The article is citing needing 6-8 panels between 320-330 watts to charge a Tesla Model S; 8 if you live in the northeast United States (it's not backyard orientation, it's about where you live geographically), 6 if you live in the southwest United States. The "small" Tesla panel arrays that I mentioned are 4.08 kilowatts [1], which is more than enough even in the northeast to charge a Model S, or any EV. They take up 240sqft, which would fit in most backyards, although a roof mount would of course be preferable both because it'll get less shade and because it won't take up backyard space, unless you have a lot of open backyard space away from any existing structures.
Really. There's a reason Tesla sells solar panels, and it's because they can charge the cars Tesla makes. They can also lower your electric bills (or drop them to zero, or make you money depending on the region you live in), since even the smallest panel array they sell produces more electricity than an average American driver needs per year for an EV.
Do you own Tesla solar panels? I've heard mixed reports about them. I live in Northern California where there is a big solar presence but most of the solar people I've spoken to (installers and owners) say Tesla is too expensive and not particularly great.

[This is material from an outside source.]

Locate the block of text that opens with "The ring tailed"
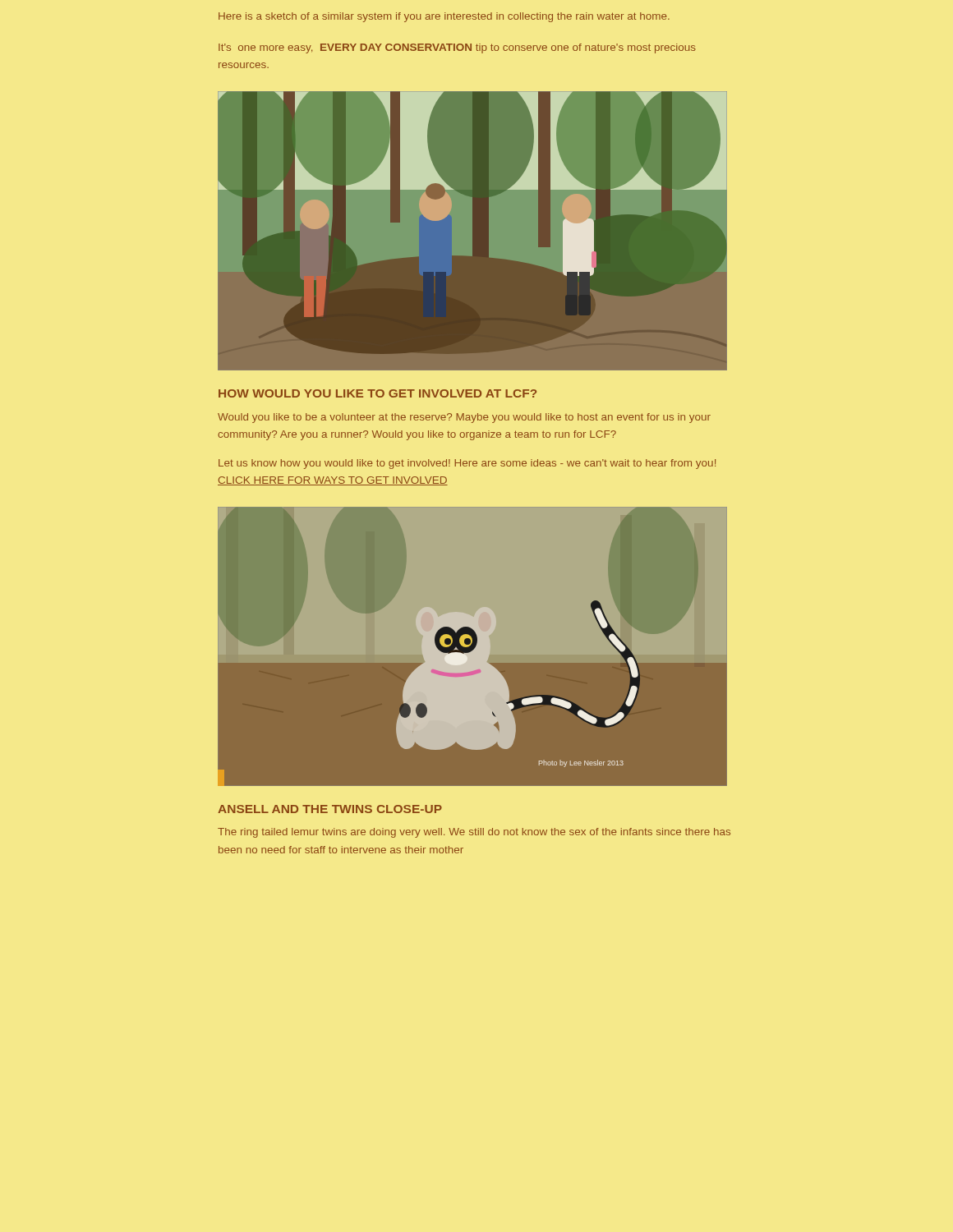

I'll be doing solar panels on our roof when the battery storage tech becomes viable and PG&E start being sensible about individual electricity production.
I don't own Tesla solar panels! I'm just going off publicly available info. I'm willing to believe that Tesla is not competitive on price, although I would be surprised if their wattage numbers were fake.
If you include a battery backup in your system, you can run without grid power.
When I worked at a power monitoring start up we had a demo house that was charging an electric rav4, so it’s possible.